TOWN OF SILVER CITY V. RUELAZ

This memorandum opinion was not selected for publication in the New Mexico Appellate Reports. Please see Rule 12-405 NMRA for restrictions on the citation of unpublished memorandum opinions. Please also note that this electronic memorandum opinion may contain computer-generated errors or other deviations from the official paper version filed by the Court of Appeals and does not include the filing date.

TOWN OF SILVER CITY,
Plaintiff-Appellee,
v.

DAVID RUELAZ,
Defendant-Appellant.

No. 32,747

COURT OF APPEALS OF NEW MEXICO

May 1, 2014


APPEAL FROM THE DISTRICT COURT OF GRANT COUNTY, Jarod K. Hofacket, District Judge

COUNSEL

Reynolds Law Firm, PC, James H. Reynolds, Silver City, NM, for Appellee

Lopez, Dietzel and Perkins, P.C., Daniel B. Dietzel, Silver City, NM, for Appellant

JUDGES

CYNTHIA A. FRY, Judge. WE CONCUR: RODERICK T. KENNEDY, Chief Judge, JONATHAN B. SUTIN, Judge

AUTHOR: CYNTHIA A. FRY

MEMORANDUM OPINION

FRY, Judge.

{1}       Defendant appeals the district court’s order finding that he violated Silver City ordinances prohibiting the keeping of a vicious animal and establishing the owner’s responsibility for animal attacks. Silver City, N.M. Ordinances, Part II, ch. 6, art. V, §§ 6-194, 6-195 (2005). The charges arose from an incident in which Defendant’s pit bull terrier approached a woman in a hostile manner when she was visiting a friend in Defendant’s neighborhood. Defendant argues on appeal that the ordinances at issue are not strict liability offenses and that there was not sufficient evidence to find that he violated the ordinances. We address these issues in turn and affirm.

{2}       Because this is a memorandum opinion and the parties are familiar with the facts and procedural history of this case, we reserve further discussion of the pertinent facts for our analysis.

DISCUSSION

The District Court Did Not Rule That the Ordinances Were Strict Liability Offenses

{3}       Defendant argues that it would be error to sustain Defendant’s convictions under a theory of strict liability. Defendant relies on State v. Gonzalez for the proposition that when an act is punishable as a crime, our courts require that the statute be construed as requiring some form of criminal intent unless the Legislature clearly manifested its intent to make the act a strict liability offense. 2005-NMCA-031, ¶ 12, 137 N.M. 107, 107 P.3d 547. Defendant argues that because a violation of either of these ordinances could result in ninety days’ imprisonment, Defendant cannot be convicted of violating the ordinances without a showing of criminal intent.

{4}       The problem with Defendant’s argument is that the district court agreed with Defendant below that the ordinances were not strict liability offenses. In issuing its ruling, the district court stated that

the traditional approach [of] one free bite is how it’s looked at. The owner needs to have some awareness of the history of other unprovoked bites or attacks. . . . If the general common law rule of criminal intent does apply, the intent [was] met . . . [and] the level of intent necessary to violate these ordinances does exist.

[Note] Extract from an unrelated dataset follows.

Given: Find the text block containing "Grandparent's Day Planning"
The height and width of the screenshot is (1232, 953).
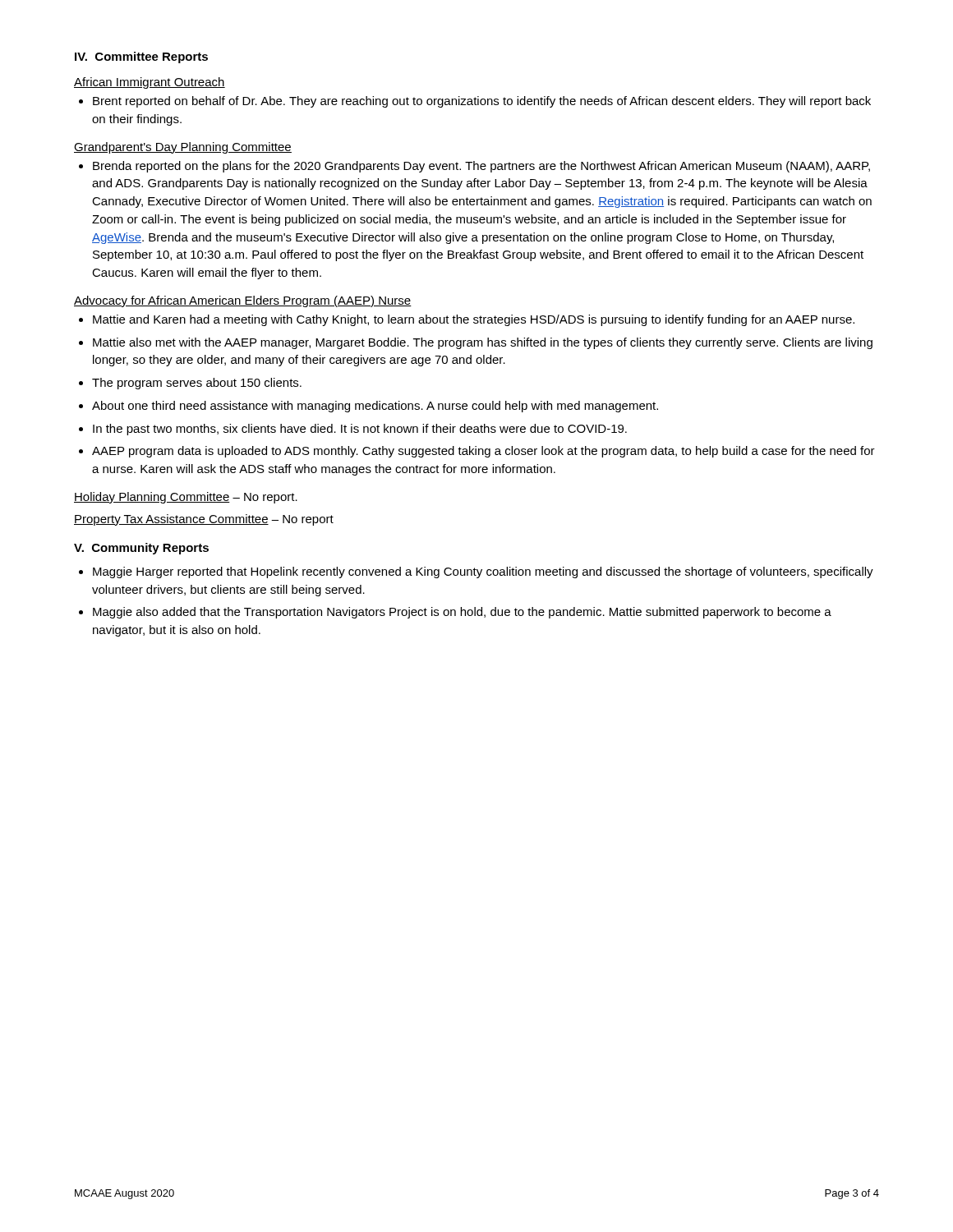Looking at the screenshot, I should [x=183, y=146].

Defendant does not argue that the level of criminal intent the district court applied to the ordinances was improper, and we therefore do not consider it. Accordingly, we conclude that Defendant was not convicted of violating these ordinances on a strict liability theory, and his assertion of error on this point is without any basis in the record.

{5}       Furthermore, Defendant’s arguments regarding the alleged preemptive effect of similar state statutes were not preserved below and, therefore, our review of this issue is for fundamental error. See State v. Cunningham, 2000-NMSC-009, ¶ 10, 128 N.M. 711, 998 P.2d 176 (“The doctrine of fundamental error . . . is an exception to the general rule requiring preservation of error.”). However, “[t]he doctrine of fundamental error is to be resorted to in criminal cases only for the protection of those whose innocence appears indisputably, or open to such question that it would shock the conscience [of the court] to permit the conviction to stand.” Id. ¶ 13 (internal quotation marks and citation omitted). Given the evidence supporting Defendant’s convictions, as discussed below, we cannot conclude that such exceptional circumstances exist in this case so as to constitute fundamental error.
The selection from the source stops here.